In the data below, find the line with "What oriented 3D" and the line with "#5 hair dryer", then restate both and every line between them exactly, minus the pictures.

**Data supplied**
- - -
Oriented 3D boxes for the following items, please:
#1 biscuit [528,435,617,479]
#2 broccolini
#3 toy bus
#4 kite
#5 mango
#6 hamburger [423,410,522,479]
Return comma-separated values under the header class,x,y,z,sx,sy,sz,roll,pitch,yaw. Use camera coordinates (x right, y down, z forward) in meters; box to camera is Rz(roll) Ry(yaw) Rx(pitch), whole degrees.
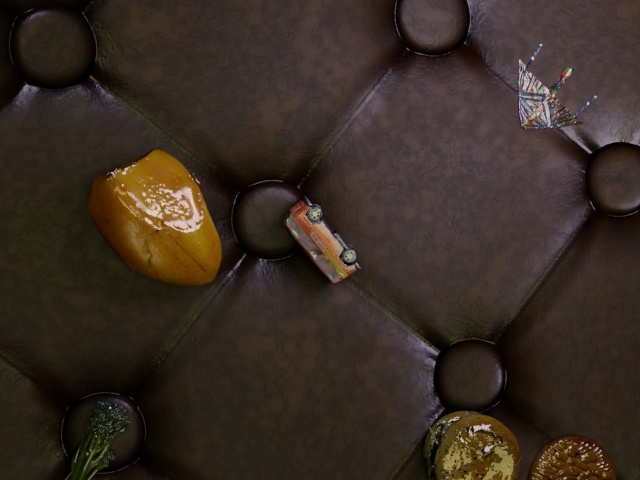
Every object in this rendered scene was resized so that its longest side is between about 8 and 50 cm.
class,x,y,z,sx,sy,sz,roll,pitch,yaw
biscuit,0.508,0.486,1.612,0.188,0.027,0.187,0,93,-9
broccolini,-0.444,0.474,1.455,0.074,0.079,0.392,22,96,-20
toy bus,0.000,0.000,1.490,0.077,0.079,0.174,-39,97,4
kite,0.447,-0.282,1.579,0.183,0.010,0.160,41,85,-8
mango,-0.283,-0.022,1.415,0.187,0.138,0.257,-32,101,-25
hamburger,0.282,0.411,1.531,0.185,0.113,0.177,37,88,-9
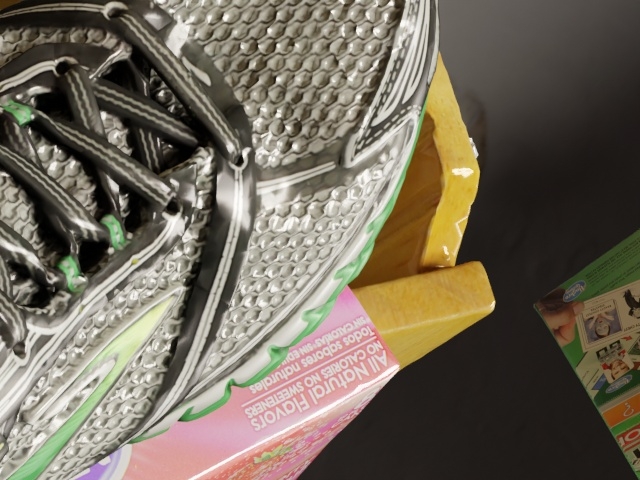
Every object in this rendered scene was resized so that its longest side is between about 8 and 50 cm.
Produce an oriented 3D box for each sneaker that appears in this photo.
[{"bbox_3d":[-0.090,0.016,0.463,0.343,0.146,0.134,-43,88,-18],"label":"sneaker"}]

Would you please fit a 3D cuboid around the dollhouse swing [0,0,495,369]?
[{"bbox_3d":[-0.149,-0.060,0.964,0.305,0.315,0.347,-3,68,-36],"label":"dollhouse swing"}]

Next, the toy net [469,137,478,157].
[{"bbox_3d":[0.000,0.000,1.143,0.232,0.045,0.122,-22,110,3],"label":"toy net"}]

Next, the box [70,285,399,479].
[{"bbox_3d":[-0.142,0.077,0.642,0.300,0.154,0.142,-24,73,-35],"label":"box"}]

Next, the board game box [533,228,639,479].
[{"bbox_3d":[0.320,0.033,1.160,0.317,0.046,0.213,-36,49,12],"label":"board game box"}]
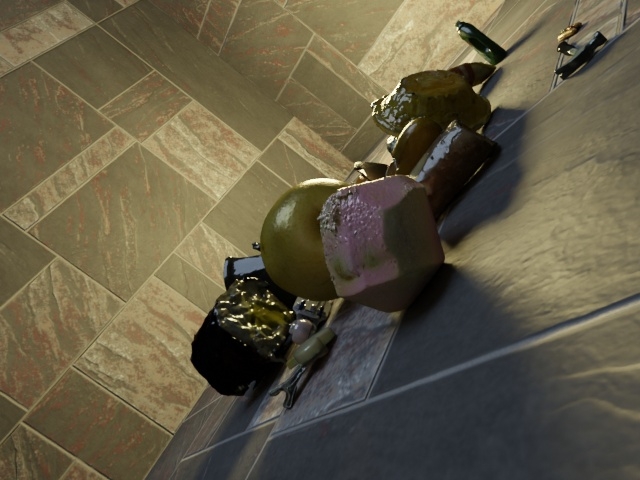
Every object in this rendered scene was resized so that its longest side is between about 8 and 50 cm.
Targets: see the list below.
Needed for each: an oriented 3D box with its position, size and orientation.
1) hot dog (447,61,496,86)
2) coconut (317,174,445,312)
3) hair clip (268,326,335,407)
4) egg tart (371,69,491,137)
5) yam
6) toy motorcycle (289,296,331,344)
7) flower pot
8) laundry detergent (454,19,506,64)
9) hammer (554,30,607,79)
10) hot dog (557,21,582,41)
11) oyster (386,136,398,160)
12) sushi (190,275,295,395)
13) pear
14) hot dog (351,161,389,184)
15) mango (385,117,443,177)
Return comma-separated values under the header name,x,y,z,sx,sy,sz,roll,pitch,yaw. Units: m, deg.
- - -
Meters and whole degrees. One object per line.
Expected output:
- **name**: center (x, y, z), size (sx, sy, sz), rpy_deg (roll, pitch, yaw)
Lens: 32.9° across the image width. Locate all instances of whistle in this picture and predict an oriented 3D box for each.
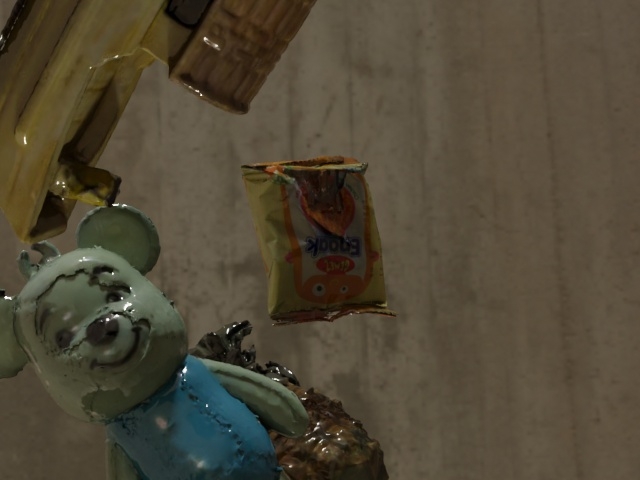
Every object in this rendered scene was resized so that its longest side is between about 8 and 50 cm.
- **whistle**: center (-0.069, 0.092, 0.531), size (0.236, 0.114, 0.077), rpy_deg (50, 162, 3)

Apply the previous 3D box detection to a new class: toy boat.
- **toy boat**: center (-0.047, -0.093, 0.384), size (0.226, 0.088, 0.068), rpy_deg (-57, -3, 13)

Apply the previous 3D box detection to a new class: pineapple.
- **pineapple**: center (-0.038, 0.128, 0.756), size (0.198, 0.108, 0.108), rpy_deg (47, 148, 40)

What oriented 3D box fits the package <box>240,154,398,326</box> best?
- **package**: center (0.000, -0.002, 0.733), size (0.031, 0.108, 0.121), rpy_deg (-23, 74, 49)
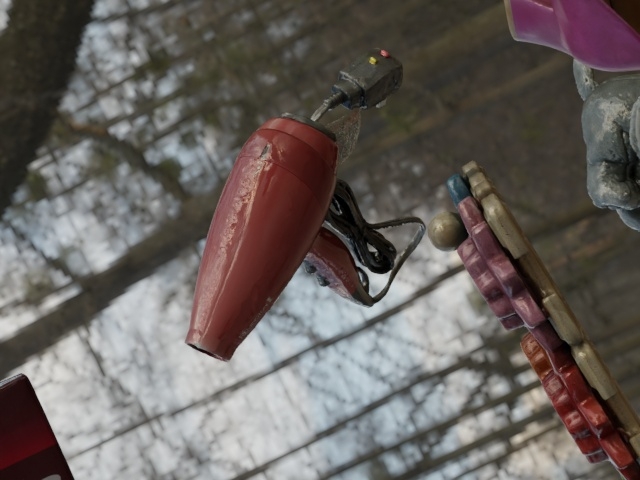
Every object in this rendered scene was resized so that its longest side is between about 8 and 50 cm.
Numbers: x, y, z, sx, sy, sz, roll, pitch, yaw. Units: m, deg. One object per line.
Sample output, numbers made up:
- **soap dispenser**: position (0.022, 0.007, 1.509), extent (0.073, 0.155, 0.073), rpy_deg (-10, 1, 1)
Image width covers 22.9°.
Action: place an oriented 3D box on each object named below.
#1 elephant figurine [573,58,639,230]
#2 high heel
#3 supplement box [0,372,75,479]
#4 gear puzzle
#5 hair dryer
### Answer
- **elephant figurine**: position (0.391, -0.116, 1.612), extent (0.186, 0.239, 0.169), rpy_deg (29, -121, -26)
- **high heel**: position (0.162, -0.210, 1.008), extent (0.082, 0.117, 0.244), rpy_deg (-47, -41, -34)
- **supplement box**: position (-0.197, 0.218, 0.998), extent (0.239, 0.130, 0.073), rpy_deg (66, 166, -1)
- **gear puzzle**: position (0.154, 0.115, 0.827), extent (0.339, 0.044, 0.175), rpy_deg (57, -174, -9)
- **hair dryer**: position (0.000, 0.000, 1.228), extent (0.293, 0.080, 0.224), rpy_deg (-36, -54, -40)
- - -
**Solution**
What oriented 3D box fits the package <box>240,154,398,326</box> best?
- **package**: center (0.000, -0.002, 0.733), size (0.031, 0.108, 0.121), rpy_deg (-23, 74, 49)
Every object in this rendered scene was resized so that its longest side is between about 8 and 50 cm.
Numbers: x, y, z, sx, sy, sz, roll, pitch, yaw. Units: m, deg. One object per line.
Sample output, numbers made up:
- **soap dispenser**: position (0.022, 0.007, 1.509), extent (0.073, 0.155, 0.073), rpy_deg (-10, 1, 1)
Image width covers 22.9°.
Action: place an oriented 3D box on each object named below.
#1 elephant figurine [573,58,639,230]
#2 high heel
#3 supplement box [0,372,75,479]
#4 gear puzzle
#5 hair dryer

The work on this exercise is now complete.